EXERCISE BRIEF:
Across the entries below, how many lines contain the string "Base"? Only the number is wanted.

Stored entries
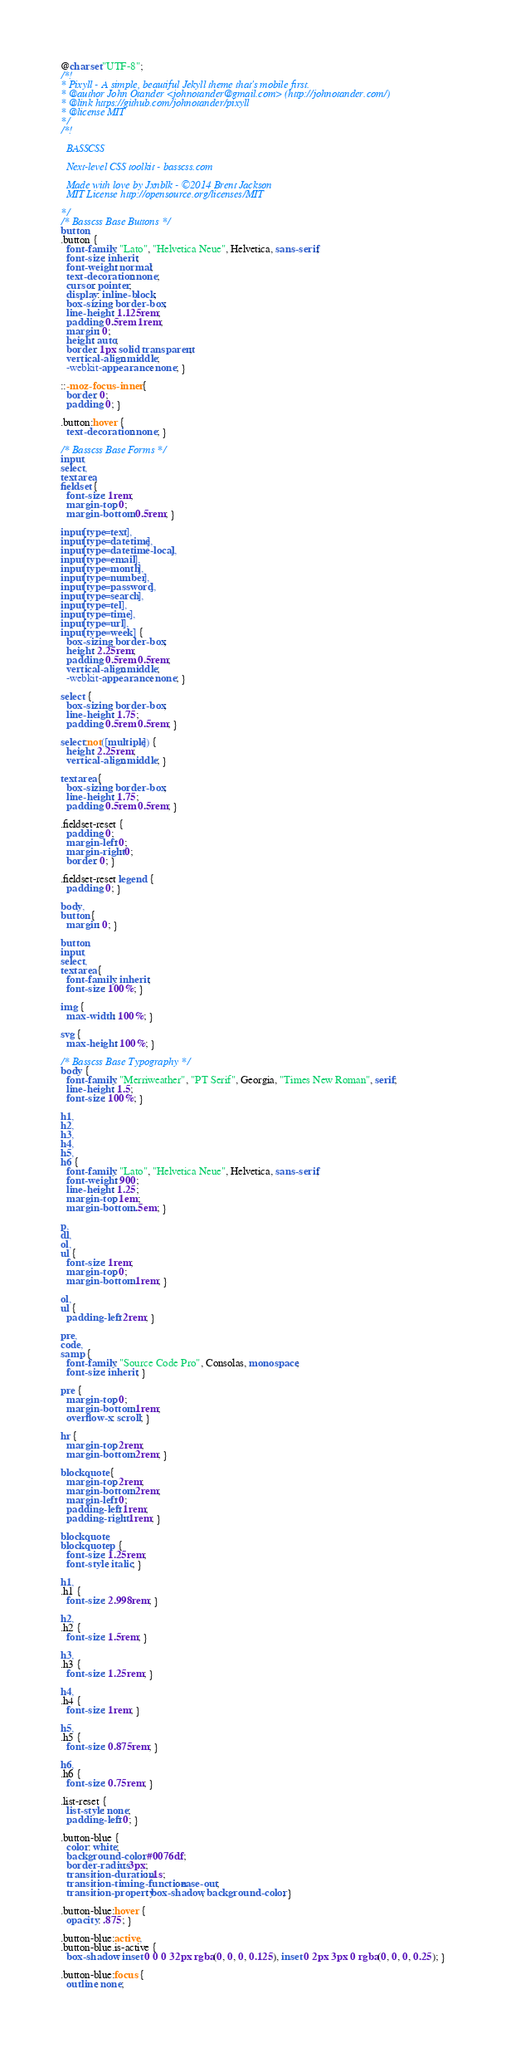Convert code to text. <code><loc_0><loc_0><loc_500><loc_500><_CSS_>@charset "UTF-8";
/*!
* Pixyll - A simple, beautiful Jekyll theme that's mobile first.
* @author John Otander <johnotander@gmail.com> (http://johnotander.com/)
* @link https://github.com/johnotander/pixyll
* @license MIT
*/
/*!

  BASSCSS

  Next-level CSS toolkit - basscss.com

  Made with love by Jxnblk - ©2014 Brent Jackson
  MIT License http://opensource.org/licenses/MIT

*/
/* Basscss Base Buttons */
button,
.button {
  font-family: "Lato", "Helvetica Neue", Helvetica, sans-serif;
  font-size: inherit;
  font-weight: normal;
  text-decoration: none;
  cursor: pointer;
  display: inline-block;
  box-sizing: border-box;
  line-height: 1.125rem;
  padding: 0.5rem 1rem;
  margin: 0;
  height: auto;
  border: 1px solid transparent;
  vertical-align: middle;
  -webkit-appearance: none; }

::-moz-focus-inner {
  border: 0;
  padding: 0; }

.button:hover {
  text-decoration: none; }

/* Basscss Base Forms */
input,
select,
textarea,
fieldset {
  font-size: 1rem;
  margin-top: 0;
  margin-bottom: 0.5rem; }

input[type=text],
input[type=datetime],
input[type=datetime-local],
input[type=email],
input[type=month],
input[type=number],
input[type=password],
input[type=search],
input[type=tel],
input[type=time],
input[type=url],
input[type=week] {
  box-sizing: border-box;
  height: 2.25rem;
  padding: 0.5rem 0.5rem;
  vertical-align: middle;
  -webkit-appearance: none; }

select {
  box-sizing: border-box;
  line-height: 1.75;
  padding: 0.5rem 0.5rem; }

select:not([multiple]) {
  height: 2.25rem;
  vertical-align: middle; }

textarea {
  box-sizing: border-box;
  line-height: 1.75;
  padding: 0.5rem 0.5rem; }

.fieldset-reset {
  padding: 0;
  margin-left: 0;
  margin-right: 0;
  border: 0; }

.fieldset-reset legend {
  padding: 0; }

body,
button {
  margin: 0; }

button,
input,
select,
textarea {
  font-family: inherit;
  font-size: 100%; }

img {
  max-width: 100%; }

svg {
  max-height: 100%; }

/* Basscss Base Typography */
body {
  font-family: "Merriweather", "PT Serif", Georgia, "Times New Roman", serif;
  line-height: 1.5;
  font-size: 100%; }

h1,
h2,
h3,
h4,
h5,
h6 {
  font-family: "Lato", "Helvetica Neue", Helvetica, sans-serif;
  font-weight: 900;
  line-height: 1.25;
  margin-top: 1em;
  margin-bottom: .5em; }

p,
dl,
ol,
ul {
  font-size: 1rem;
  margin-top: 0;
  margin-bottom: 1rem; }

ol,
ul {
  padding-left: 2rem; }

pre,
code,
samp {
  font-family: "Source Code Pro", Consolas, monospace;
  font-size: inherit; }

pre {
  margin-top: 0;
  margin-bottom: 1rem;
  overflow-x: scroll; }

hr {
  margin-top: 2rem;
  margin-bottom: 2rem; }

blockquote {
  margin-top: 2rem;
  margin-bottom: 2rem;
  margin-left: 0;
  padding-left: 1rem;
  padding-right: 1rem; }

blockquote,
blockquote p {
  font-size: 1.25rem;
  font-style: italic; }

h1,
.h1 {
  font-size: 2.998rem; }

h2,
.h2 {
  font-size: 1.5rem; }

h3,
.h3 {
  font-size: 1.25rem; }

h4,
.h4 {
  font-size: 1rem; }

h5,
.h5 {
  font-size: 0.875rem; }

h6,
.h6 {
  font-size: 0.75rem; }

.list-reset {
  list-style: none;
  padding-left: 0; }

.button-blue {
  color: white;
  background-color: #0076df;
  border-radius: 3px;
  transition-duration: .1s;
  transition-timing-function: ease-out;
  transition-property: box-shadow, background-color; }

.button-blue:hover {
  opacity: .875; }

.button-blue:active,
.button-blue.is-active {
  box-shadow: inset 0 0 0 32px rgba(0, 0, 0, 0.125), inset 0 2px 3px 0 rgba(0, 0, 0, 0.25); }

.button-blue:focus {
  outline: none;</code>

EXPECTED OUTPUT:
3